Le 22/05/2009 17:51, Arthur Reutenauer a écrit :
but instead of arbitrary adding a 0.25em before and 1em after the punctuation mark you should use the real nnbsp (U+202F) before and real normal space (U+0020) after.
I don't think so. Space characters don't mix very well with TeX glue and should best be avoided, generally speaking. In particular, all inter-word spaces that are input in the TeX source as one or more of U+0020 are simply ignored, and replaced by normal inter-word glue, with its appropriate stretchability and shrinkability. This has always been the case in TeX and is not going to change. All other types of Unicode spaces should really, in my opinion, be processed in the same way, while respecting their additional properties in the case of non-breakable spaces, for instance.
Not knowing the internals, that's what I tried to say with adding a space after instead of 1em, i.e. "calculated by the engine". If w an em is added after, it is not stretchable and shrinkable, right?
In addition, characters like U+202F are very badly supported across fonts, and if you take in account the fact that the most appropriate width will probably change depending on the language, you're likely to observe much more arbitrary results if you use the glyph for that character in font. I seriously doubt you want to rely on the font for that.
Why? Let me take your example again:
{\setcharacterspacing[frenchpunctuation]a? aa? aaa? abba?}
a\,? aa\,? aaa\,? abba\,?
Surprise: the first line is longer than the second. It's because sizes of the U+0020 and U+202F depend on the font design, their size are not exactly 1em and 0.25em.

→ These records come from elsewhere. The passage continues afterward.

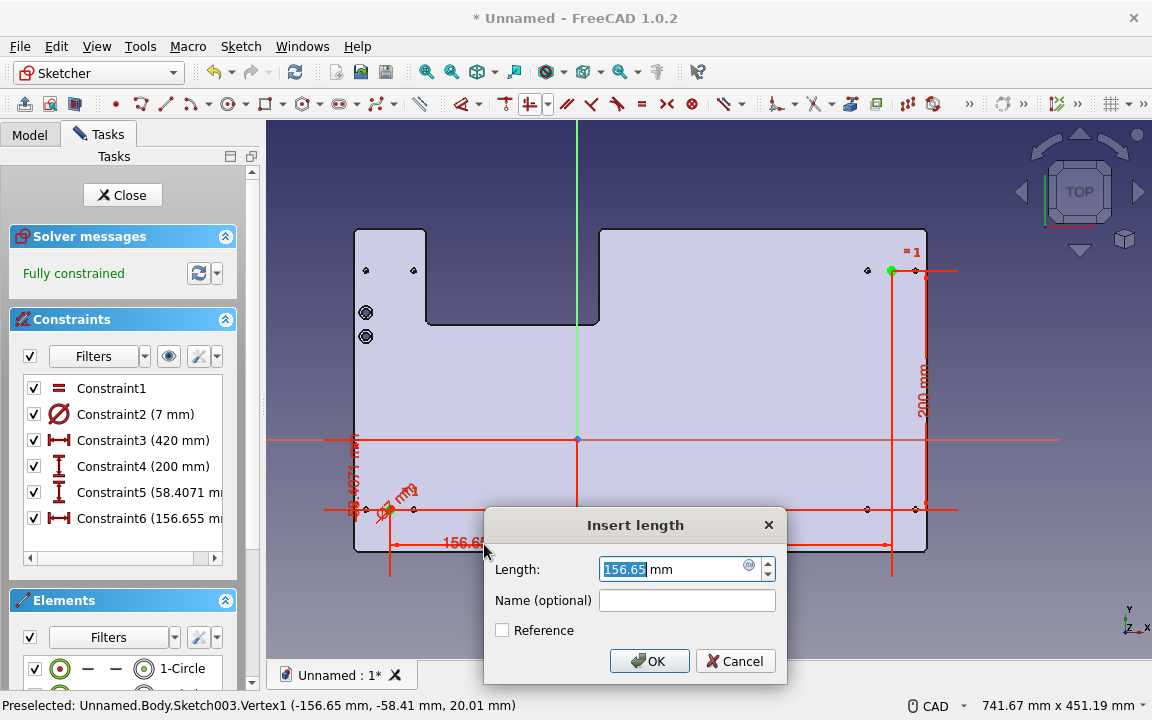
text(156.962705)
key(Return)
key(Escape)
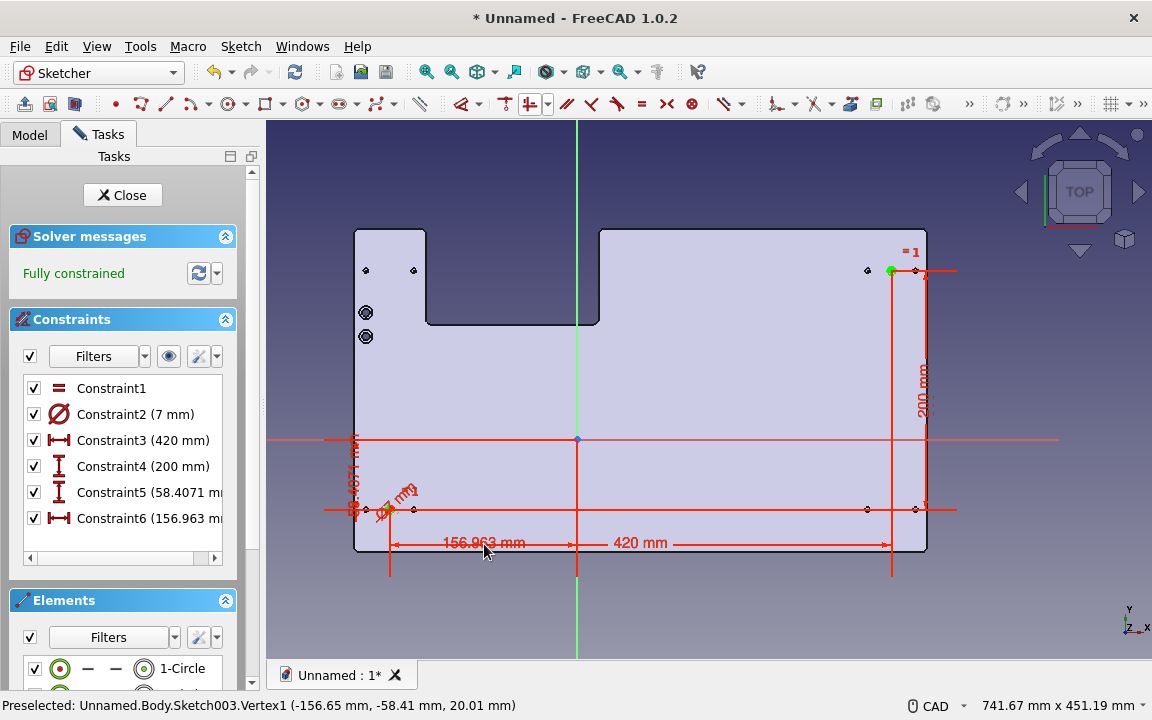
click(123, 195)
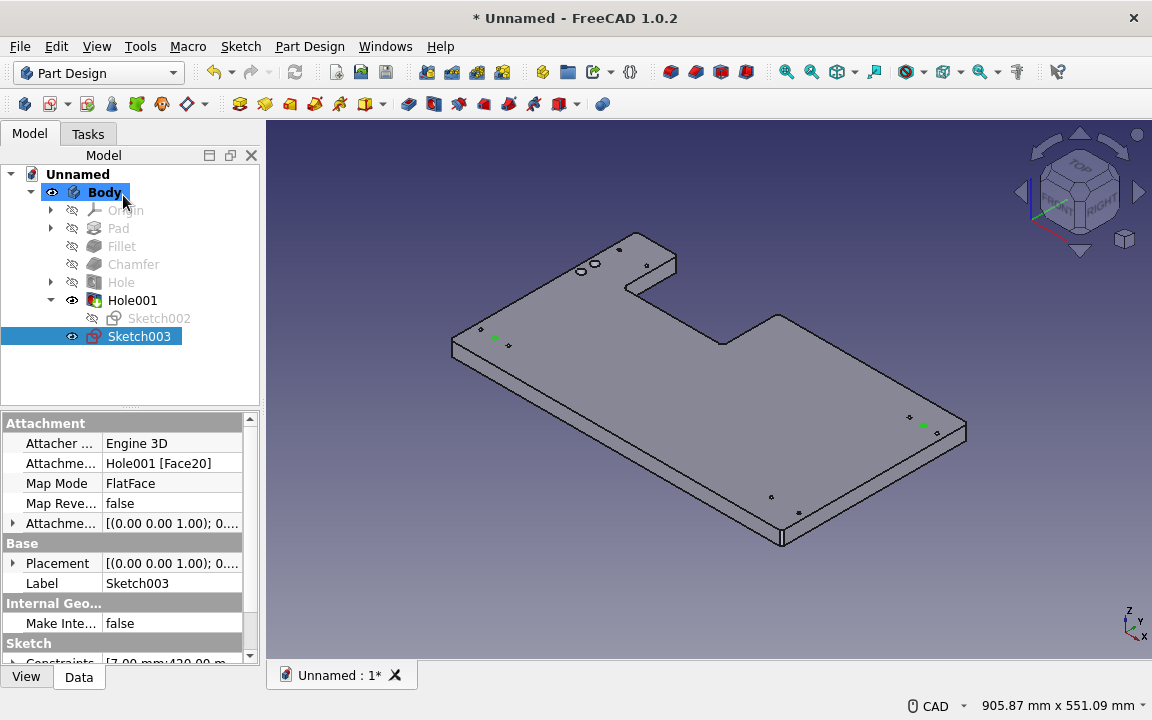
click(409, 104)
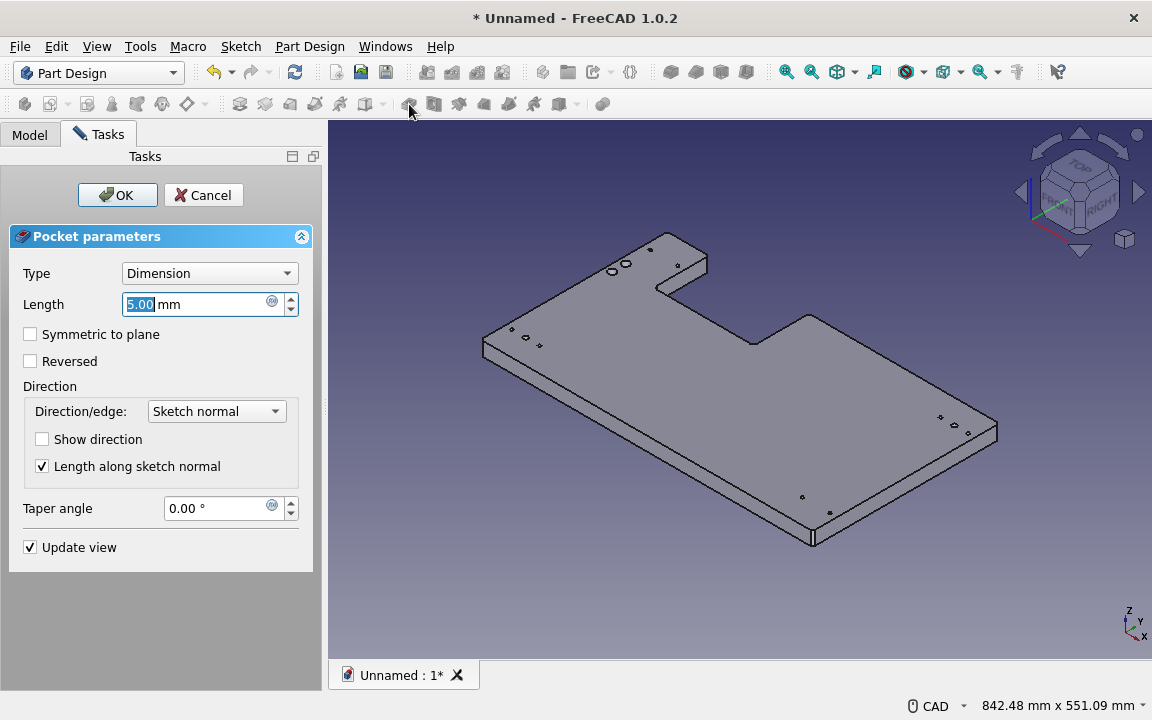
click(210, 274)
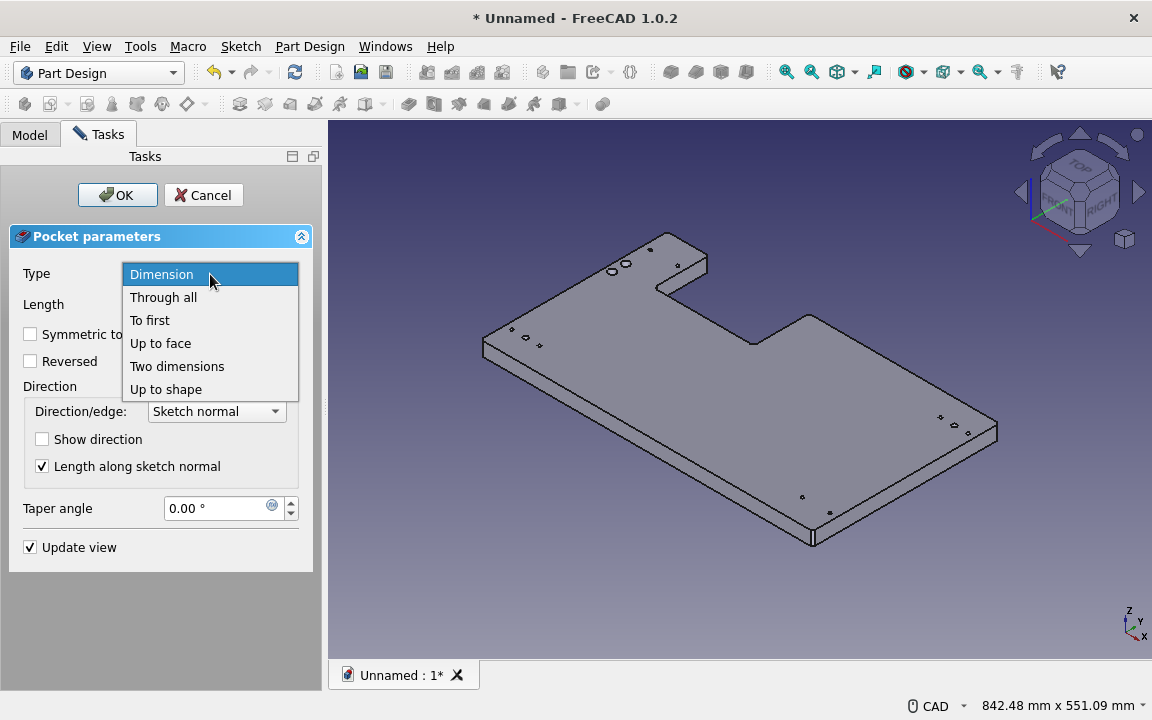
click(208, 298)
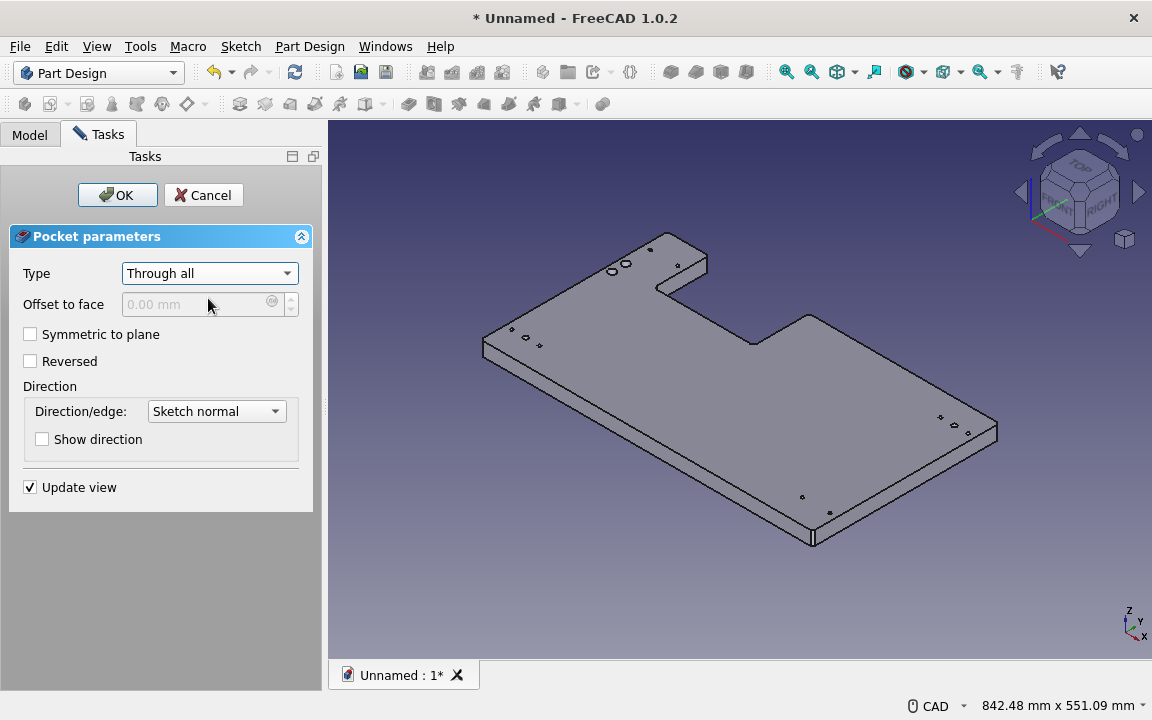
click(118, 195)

That's not the reason. The reason is simply that \, is defined as a \kern by one sixth of an em (see core-spa.mkiv: it's equivalent to \thinspace, which is \kern .16667em). In the first line, the value of .25em is defined in core-spa.mkiv; you can redefine it if you want. In any case, every space is completely controlled by ConTeXt, we don't let the font mess around.
For that matter, Latin Modern doesn't have a glyph for U+202F, so if we'd use it, we'd just see nothing: there would be no space at all, see attached file.
Thank you so much for the detailed technical explanation! So, AFAIK, I believe that the space before should be equivalent to thinspace.
All this really calls for more coordination in order to produce decent specifications, in my opinion. If you think ConTeXt's default should be different, it's fine and I encourage you to contact Sébastien to discuss about it. Report then to Hans and Peter for the implementation.
Thanks, I'll see that. Maybe I could write some detailled specs in the wiki. Regards, Bob.